Menu

Building a relationship with good foundations

In times when light relationships seem to predominate, many people are eager to form a lasting partner. A relationship is built from desire and from decision, it can begin from online dating sites and then, after about six month, the case is much more serious. For a structure to be solid it has to have a good foundation. Many people dream of finding the love of their lives and imagine a Hollywood movie setting where they will live happily and eat partridges. It happens, as in the movies that people meet and fall in love. But for a couple to be born and grow up in a healthy and nutritious way there must be a decision on both sides. If you are willing to embark on the love affair with someone, you have to be prepared to:
•    Face a project of two: all very fun with a romantic weekend on the coast. But a relationship is much more than that. Do you want to be empathetic, supportive, and tolerant and a good partner? Then it is likely that your desire to have a life partner can be seen in reality.
•    Accept the other: this means welcoming the multiple dimensions of each being, whether you like it or not. We are all lights and shadows. Of course people can evolve but we all have a history, a personality, dreams and fears. When two beings meet, there are also two Universes, probably very different, and you have to work to coexist.
•    Want to share: many men and women say they want to be with someone but are not willing to resign any of their structures, habits, spaces or times. There are couples with greater freedoms than others but building a relationship requires the willingness to share with the other.
•    Respect the other person: Although it seems to fall mature that respect is a fundamental requirement in any relationship, many people communicate by denial, based on criticism and sarcasm. If there is no respect, whatever the order of life, there is no good foundation.

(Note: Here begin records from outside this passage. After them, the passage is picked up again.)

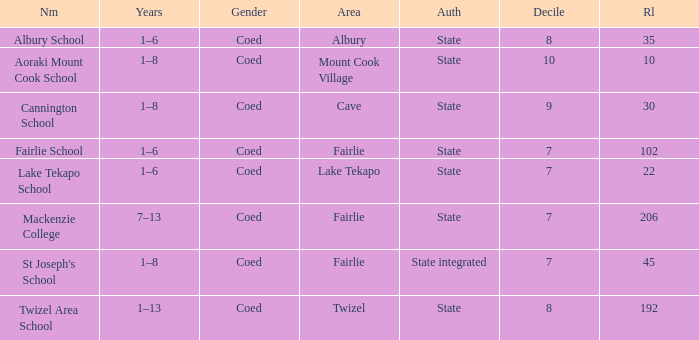What is the total Decile that has a state authority, fairlie area and roll smarter than 206? 1.0. 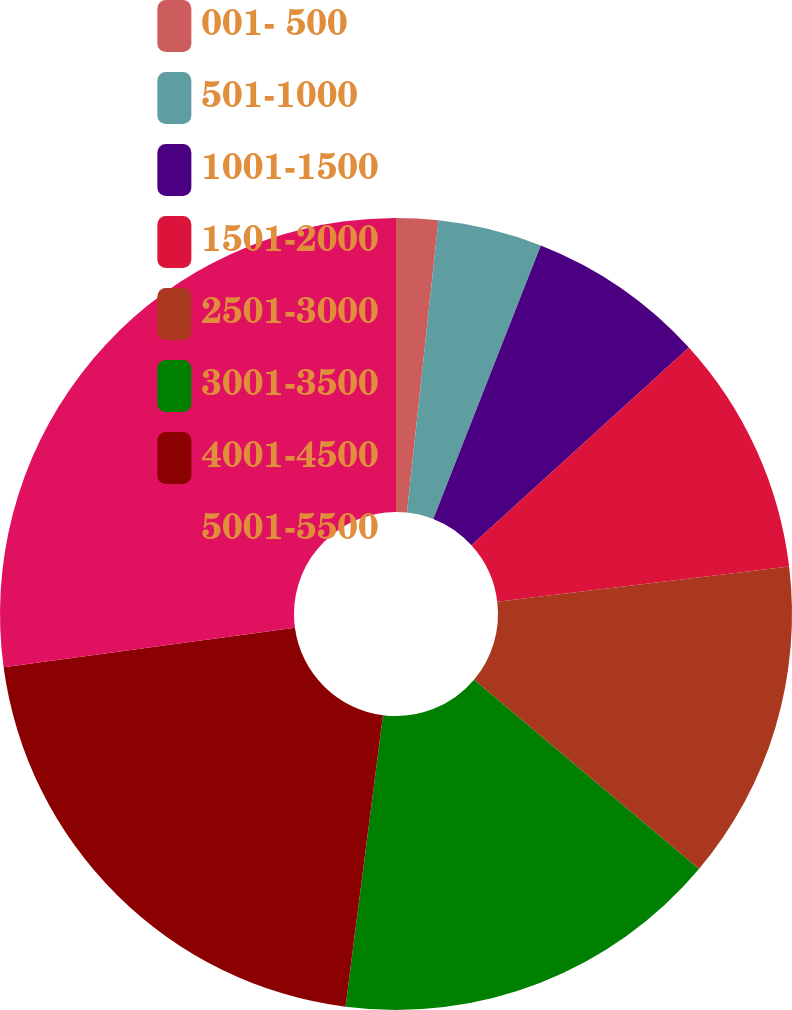Convert chart to OTSL. <chart><loc_0><loc_0><loc_500><loc_500><pie_chart><fcel>001- 500<fcel>501-1000<fcel>1001-1500<fcel>1501-2000<fcel>2501-3000<fcel>3001-3500<fcel>4001-4500<fcel>5001-5500<nl><fcel>1.71%<fcel>4.25%<fcel>7.29%<fcel>9.84%<fcel>13.05%<fcel>15.9%<fcel>20.82%<fcel>27.15%<nl></chart> 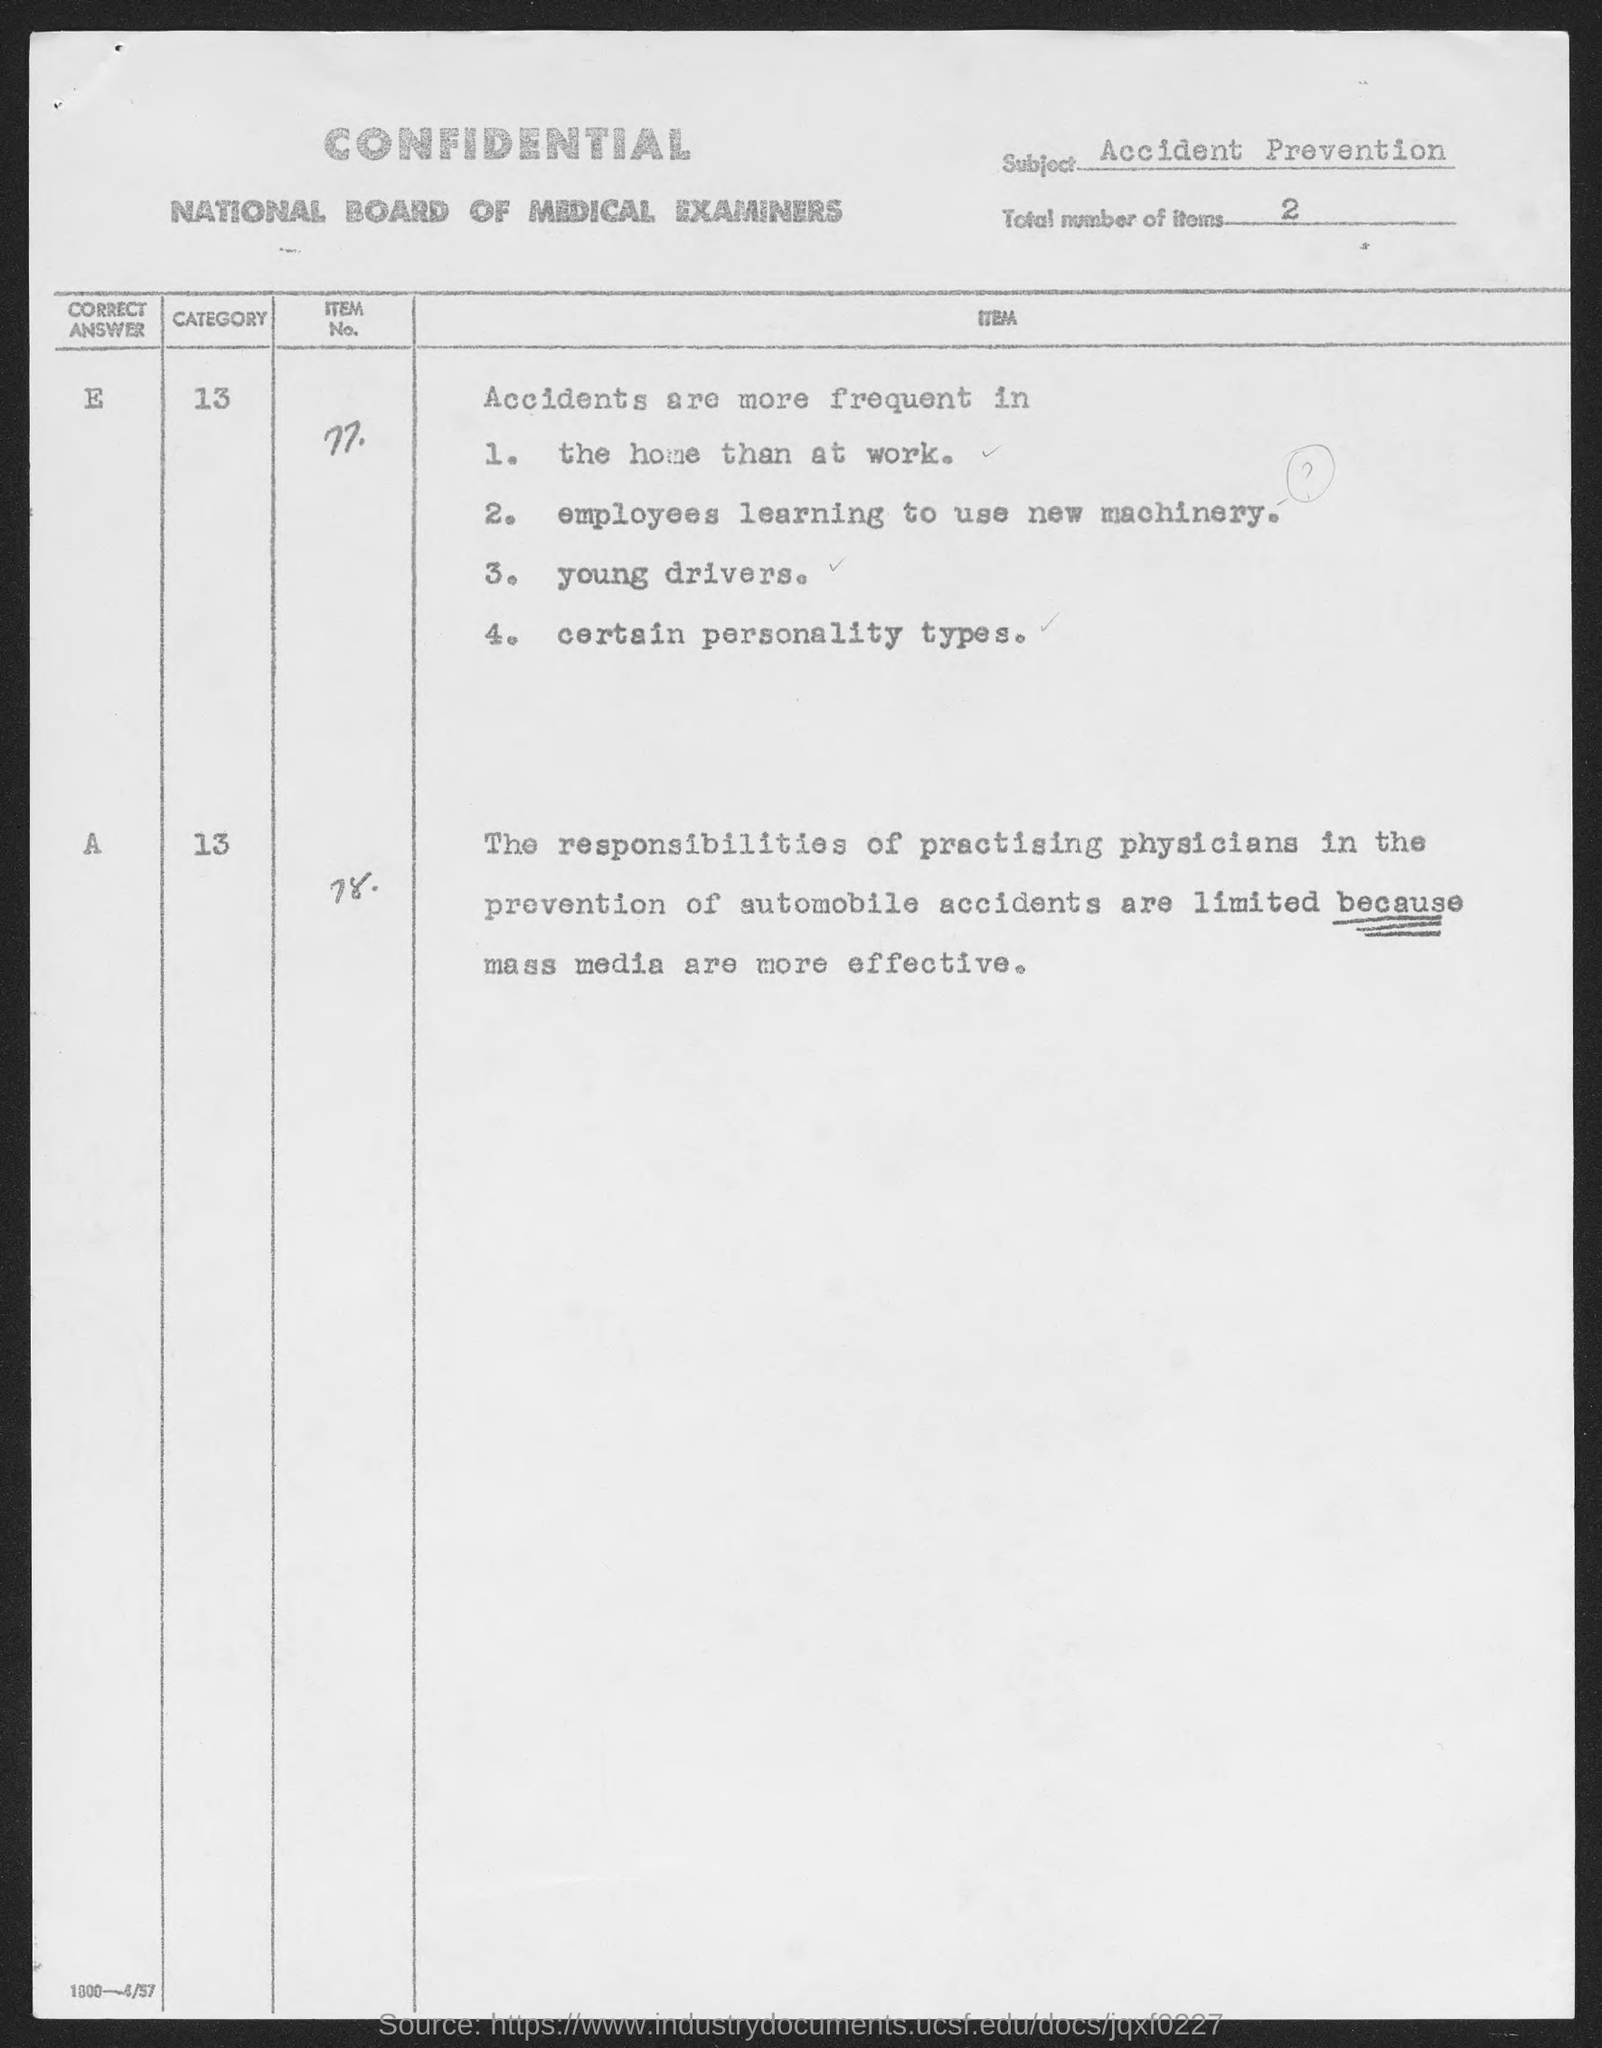Highlight a few significant elements in this photo. The subject name is Accident Prevention. Item no. 77 contains the third point which pertains to young drivers. The total number of items is 2. The second point in item no 77 is that employees are learning to use new machinery. The heading of the first column is "What is the heading of first column? Correct answer..

•    Appreciate how good the other person can offer: we all want to be recognized and valued. The psychologist John Gottman calls "masters of relationships" those people who have that mental habit by which they look for things to appreciate, things to be able to say "thank you". At the other extreme are those who focus only on the mistakes and shortcomings of their partner.
•    To achieve flow with the changes: most couples are born of the passion that awakens the infatuation. The "butterflies in the stomach" last a while and you have to have the emotional intelligence to make these flying beasts into projects.